WHAT THIS TASK INVOLVES
Quote each record exactly, please, leaving none out.

(Stored records)
■ ■ ■ ■

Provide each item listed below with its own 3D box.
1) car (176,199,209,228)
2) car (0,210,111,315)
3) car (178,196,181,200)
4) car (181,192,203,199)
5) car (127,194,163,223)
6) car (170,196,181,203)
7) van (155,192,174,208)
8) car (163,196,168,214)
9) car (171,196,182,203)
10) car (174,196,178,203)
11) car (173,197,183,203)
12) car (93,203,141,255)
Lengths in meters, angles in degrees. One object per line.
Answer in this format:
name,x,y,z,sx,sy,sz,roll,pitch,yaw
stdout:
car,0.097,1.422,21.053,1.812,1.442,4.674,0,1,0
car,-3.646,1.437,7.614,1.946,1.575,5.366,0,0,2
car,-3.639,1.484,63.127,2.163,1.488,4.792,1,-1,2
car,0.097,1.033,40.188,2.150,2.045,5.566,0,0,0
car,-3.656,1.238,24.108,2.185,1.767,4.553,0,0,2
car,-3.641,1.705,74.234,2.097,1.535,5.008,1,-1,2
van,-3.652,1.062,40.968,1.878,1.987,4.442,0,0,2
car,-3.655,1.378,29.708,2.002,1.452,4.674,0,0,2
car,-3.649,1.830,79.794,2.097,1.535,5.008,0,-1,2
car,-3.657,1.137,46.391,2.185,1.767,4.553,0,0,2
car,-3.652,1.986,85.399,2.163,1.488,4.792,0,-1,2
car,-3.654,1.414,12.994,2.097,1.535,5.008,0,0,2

■ ■ ■ ■

OUTPUT FOR THIS EXERCISE
Provide each item listed below with its own 3D box.
1) car (176,199,209,228)
2) car (0,210,111,315)
3) car (178,196,181,200)
4) car (181,192,203,199)
5) car (127,194,163,223)
6) car (170,196,181,203)
7) van (155,192,174,208)
8) car (163,196,168,214)
9) car (171,196,182,203)
10) car (174,196,178,203)
11) car (173,197,183,203)
12) car (93,203,141,255)
Lengths in meters, angles in degrees. One object per line.
Answer in this format:
name,x,y,z,sx,sy,sz,roll,pitch,yaw
stdout:
car,0.097,1.422,21.053,1.812,1.442,4.674,0,1,0
car,-3.646,1.437,7.614,1.946,1.575,5.366,0,0,2
car,-3.639,1.484,63.127,2.163,1.488,4.792,1,-1,2
car,0.097,1.033,40.188,2.150,2.045,5.566,0,0,0
car,-3.656,1.238,24.108,2.185,1.767,4.553,0,0,2
car,-3.641,1.705,74.234,2.097,1.535,5.008,1,-1,2
van,-3.652,1.062,40.968,1.878,1.987,4.442,0,0,2
car,-3.655,1.378,29.708,2.002,1.452,4.674,0,0,2
car,-3.649,1.830,79.794,2.097,1.535,5.008,0,-1,2
car,-3.657,1.137,46.391,2.185,1.767,4.553,0,0,2
car,-3.652,1.986,85.399,2.163,1.488,4.792,0,-1,2
car,-3.654,1.414,12.994,2.097,1.535,5.008,0,0,2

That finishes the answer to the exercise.